For several days now my husband has been itching to get tickets to the upcoming David Gray concert. He wanted to make sure that we would be near a computer at 10am today so we could log-on to Ticketmaster as soon as the sale started. We rarely go to concerts anymore even though it was a huge part of our pre-kid life together. We are both big music fans.
I love David Gray. I have seen him live before and am thrilled to see him again. (Here it comes…) BUT, given our current uncertain financial situation right now, I was not enthusiastic about this unnecessary purchase.
My husband is a music editor & like so many people in LA, he works in an industry where you make money when you are on a job, and then you live off that money while you are between jobs. We are grateful that he has work right now. And though I really want to remain optimistic, I worry.
Now, you can see what’s coming, right? What I should have done is take a moment to ponder: How does a wife approach this conversation gently? BUT of course I didn’t and instead said something really irritating about how we cant afford this because of X, Y, and Z.

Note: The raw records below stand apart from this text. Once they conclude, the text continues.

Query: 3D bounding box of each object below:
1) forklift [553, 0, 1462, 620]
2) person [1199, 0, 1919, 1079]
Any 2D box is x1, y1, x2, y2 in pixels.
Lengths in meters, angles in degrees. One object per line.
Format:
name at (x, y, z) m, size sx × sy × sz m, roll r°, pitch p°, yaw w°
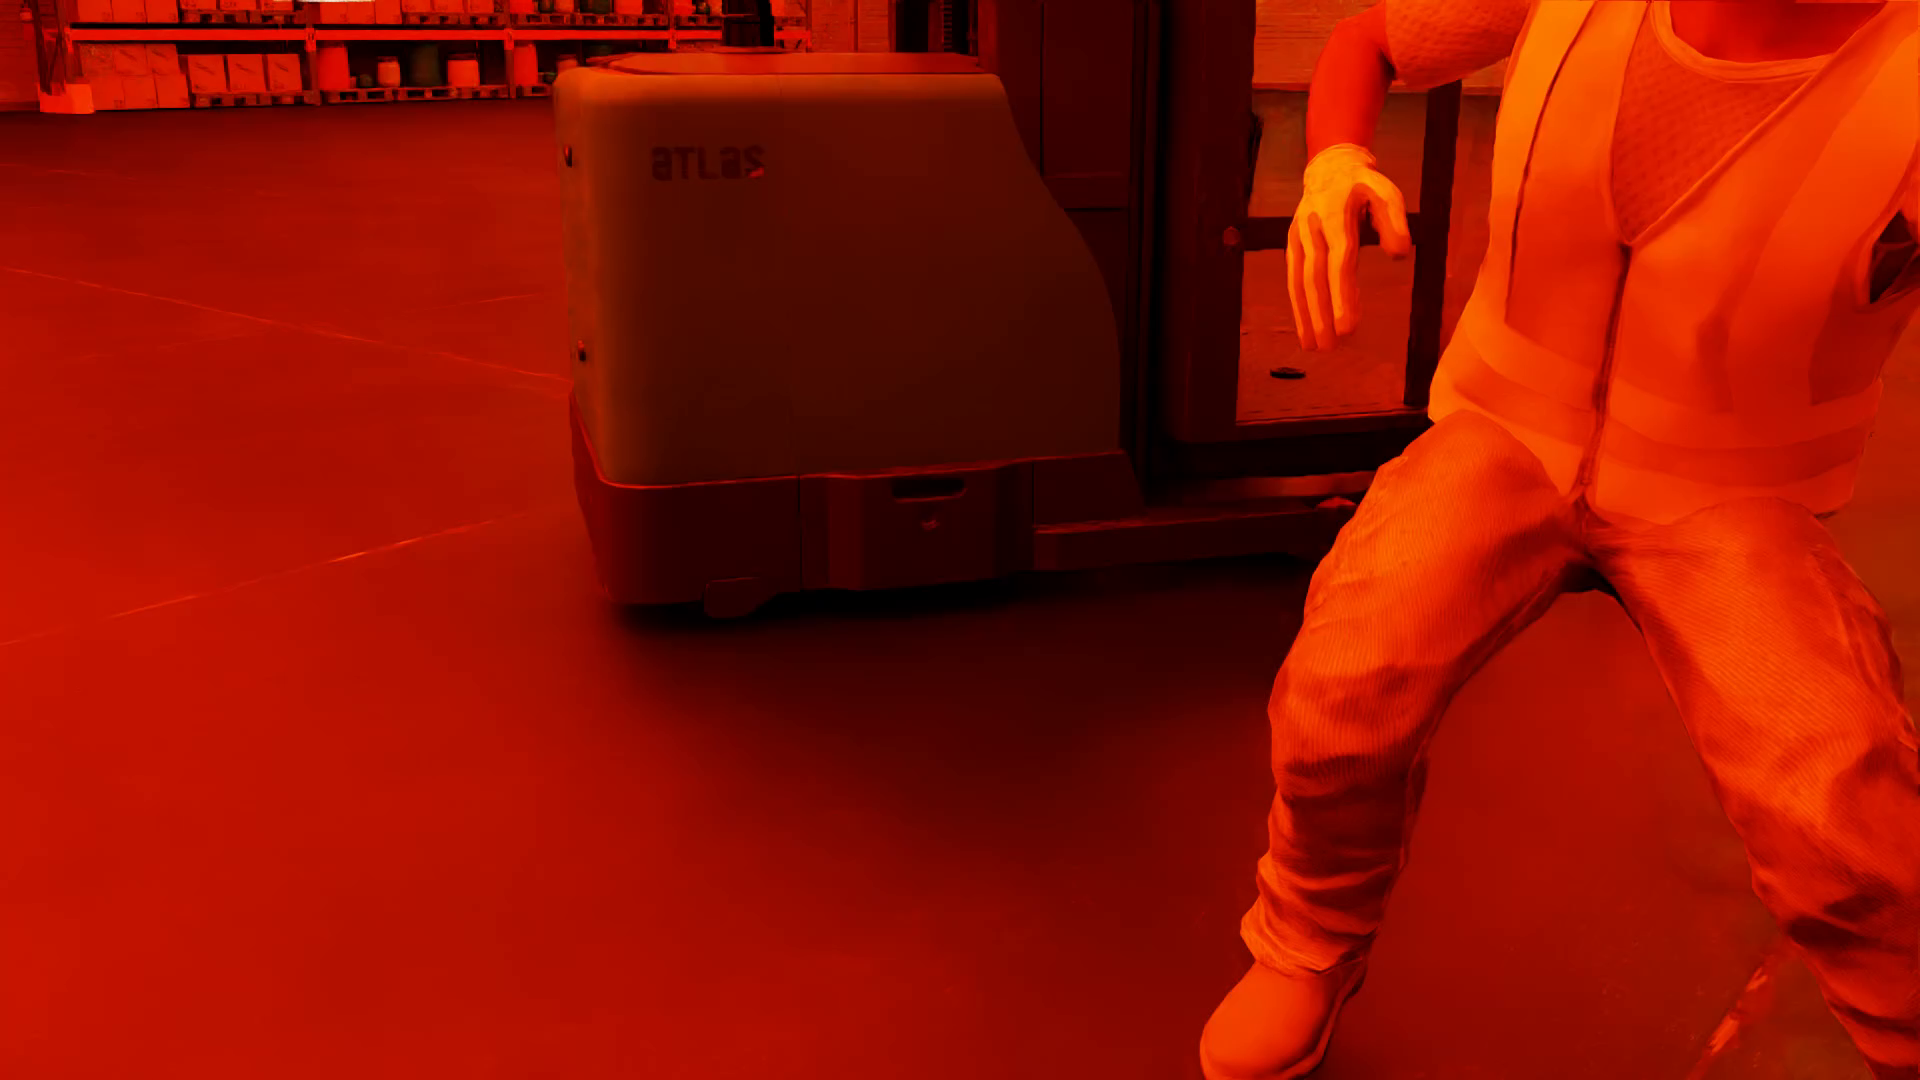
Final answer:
forklift at (0.620, -1.470, 3.737) m, size 3.031 × 2.935 × 1.130 m, roll -5°, pitch 18°, yaw -16°
person at (0.632, -0.018, 1.505) m, size 0.865 × 1.529 × 0.879 m, roll 11°, pitch 20°, yaw 33°
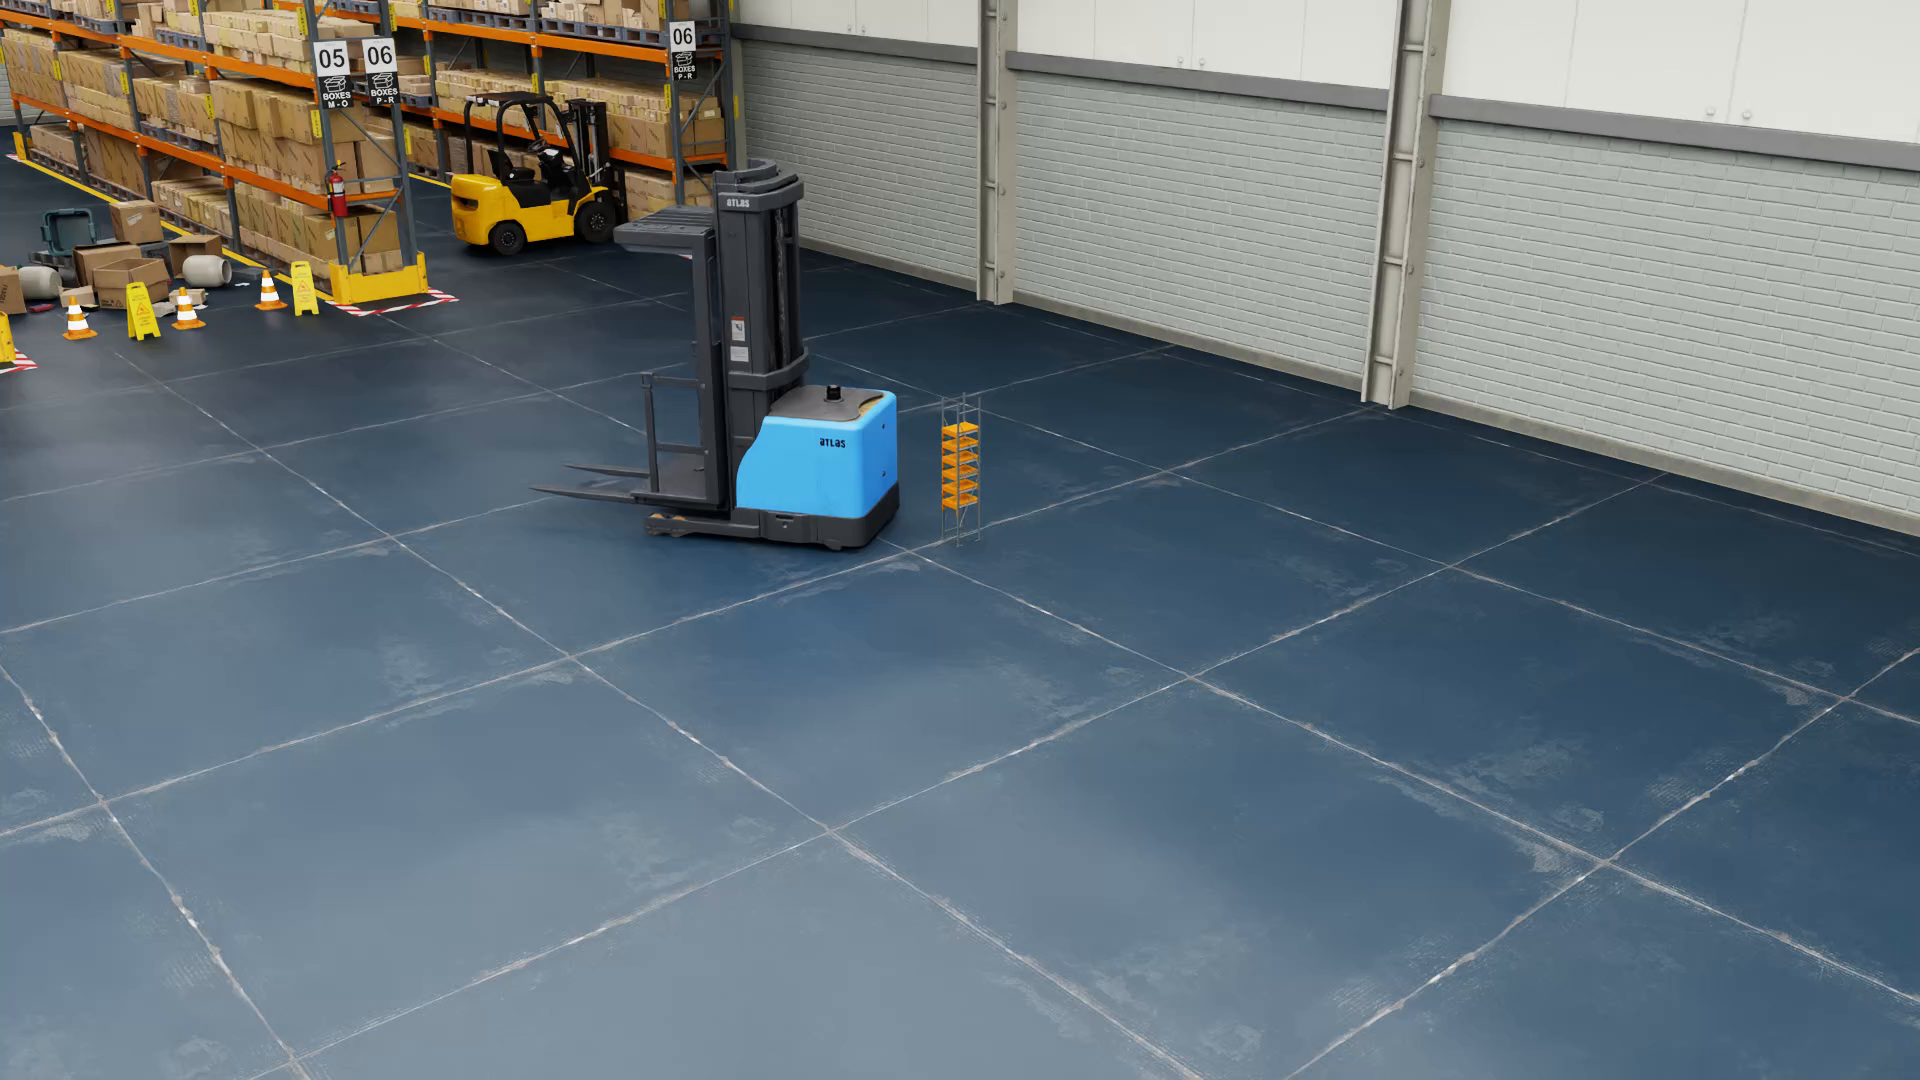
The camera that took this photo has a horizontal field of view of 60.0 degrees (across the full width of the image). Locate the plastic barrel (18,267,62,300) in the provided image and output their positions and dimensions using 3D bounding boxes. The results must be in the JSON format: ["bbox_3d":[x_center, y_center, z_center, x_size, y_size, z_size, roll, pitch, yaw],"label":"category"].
[{"bbox_3d":[-11.839,-3.288,21.298,0.512,0.421,0.421,0,21,-1],"label":"plastic barrel"}]

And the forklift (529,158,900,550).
[{"bbox_3d":[-2.084,-1.566,13.464,3.031,2.935,1.130,6,22,15],"label":"forklift"}]

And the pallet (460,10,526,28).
[{"bbox_3d":[-7.668,-8.764,27.893,1.003,0.211,1.213,-16,26,-35],"label":"pallet"}]

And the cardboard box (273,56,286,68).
[{"bbox_3d":[-8.540,-6.134,21.264,0.380,0.149,0.250,-18,28,-38],"label":"cardboard box"}]

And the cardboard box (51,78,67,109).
[{"bbox_3d":[-15.776,-7.966,29.572,0.500,0.500,0.500,-17,27,-37],"label":"cardboard box"}]

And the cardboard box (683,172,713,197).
[{"bbox_3d":[-3.859,-5.278,24.670,0.500,0.250,0.500,-18,28,-38],"label":"cardboard box"}]

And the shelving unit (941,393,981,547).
[{"bbox_3d":[0.009,-0.555,13.255,0.258,1.200,0.189,-17,27,-37],"label":"shelving unit"}]

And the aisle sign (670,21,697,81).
[{"bbox_3d":[-3.869,-6.842,23.275,0.394,0.787,0.004,-17,27,-37],"label":"aisle sign"}]

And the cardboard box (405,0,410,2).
[{"bbox_3d":[-9.631,-9.638,29.524,0.380,0.149,0.250,-17,27,-36],"label":"cardboard box"}]

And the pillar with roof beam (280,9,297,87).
[{"bbox_3d":[-18.472,-12.868,33.999,9.100,9.000,0.400,-17,27,-37],"label":"pillar with roof beam"}]

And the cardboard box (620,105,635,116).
[{"bbox_3d":[-4.803,-6.381,24.635,0.380,0.149,0.250,-19,28,-39],"label":"cardboard box"}]

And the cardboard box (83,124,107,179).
[{"bbox_3d":[-14.815,-6.906,29.341,0.875,0.875,0.875,-16,27,-36],"label":"cardboard box"}]

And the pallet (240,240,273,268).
[{"bbox_3d":[-9.593,-4.166,23.832,1.003,0.211,1.213,-17,27,-37],"label":"pallet"}]

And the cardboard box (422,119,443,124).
[{"bbox_3d":[-9.900,-7.826,31.315,0.380,0.149,0.250,-17,27,-37],"label":"cardboard box"}]

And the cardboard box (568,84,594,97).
[{"bbox_3d":[-5.814,-6.938,25.651,0.380,0.149,0.250,-17,27,-36],"label":"cardboard box"}]

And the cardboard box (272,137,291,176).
[{"bbox_3d":[-8.657,-5.085,21.808,0.500,0.500,0.500,-18,27,-38],"label":"cardboard box"}]

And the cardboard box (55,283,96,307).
[{"bbox_3d":[-11.225,-3.126,21.101,0.396,0.266,0.258,-12,25,-28],"label":"cardboard box"}]

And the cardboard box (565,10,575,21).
[{"bbox_3d":[-5.736,-7.938,25.156,0.380,0.149,0.250,-16,27,-36],"label":"cardboard box"}]

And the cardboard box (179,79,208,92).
[{"bbox_3d":[-11.187,-6.656,24.354,0.380,0.149,0.250,-19,28,-40],"label":"cardboard box"}]

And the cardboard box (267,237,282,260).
[{"bbox_3d":[-9.172,-4.039,22.878,0.500,0.250,0.500,-18,28,-38],"label":"cardboard box"}]

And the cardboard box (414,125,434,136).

My husband is a kind man. He is pretty easy-going and often lets me get my way just to avoid a hassle. But, I could see that there was something different this time. He was firm and non-apologetic. “I really want to see David Gray.” Though it wasn’t said aloud, I also heard “PERIOD” echo in my brain. So, incredibly, I left it alone.
As I rolled it around in my mind, it occurred to me that I am a music lover and would be disappointed at missing yet another concert that I wished I could go to. Yet for him it’s a bit more than that. He is a musician, a composer, a music maker. He dreams music. When we met he was in a touring band and contemplating that as his life for years to come. Instead, he chose me. I can see now that, for him, missing a great concert is like bypassing inspiration. It’s what keeps him dreaming in stereo.
So, we will shell-out close to $200 for mediocre seats and hope the grandparents can watch our kids that night so we wont have to hire a sitter. BUT my husband will get to feel the light around him brighten a bit and I will get to bask in that glow. Also, I’ll get an awesome night out with my honey and, just maybe, will feel my own illumination as well.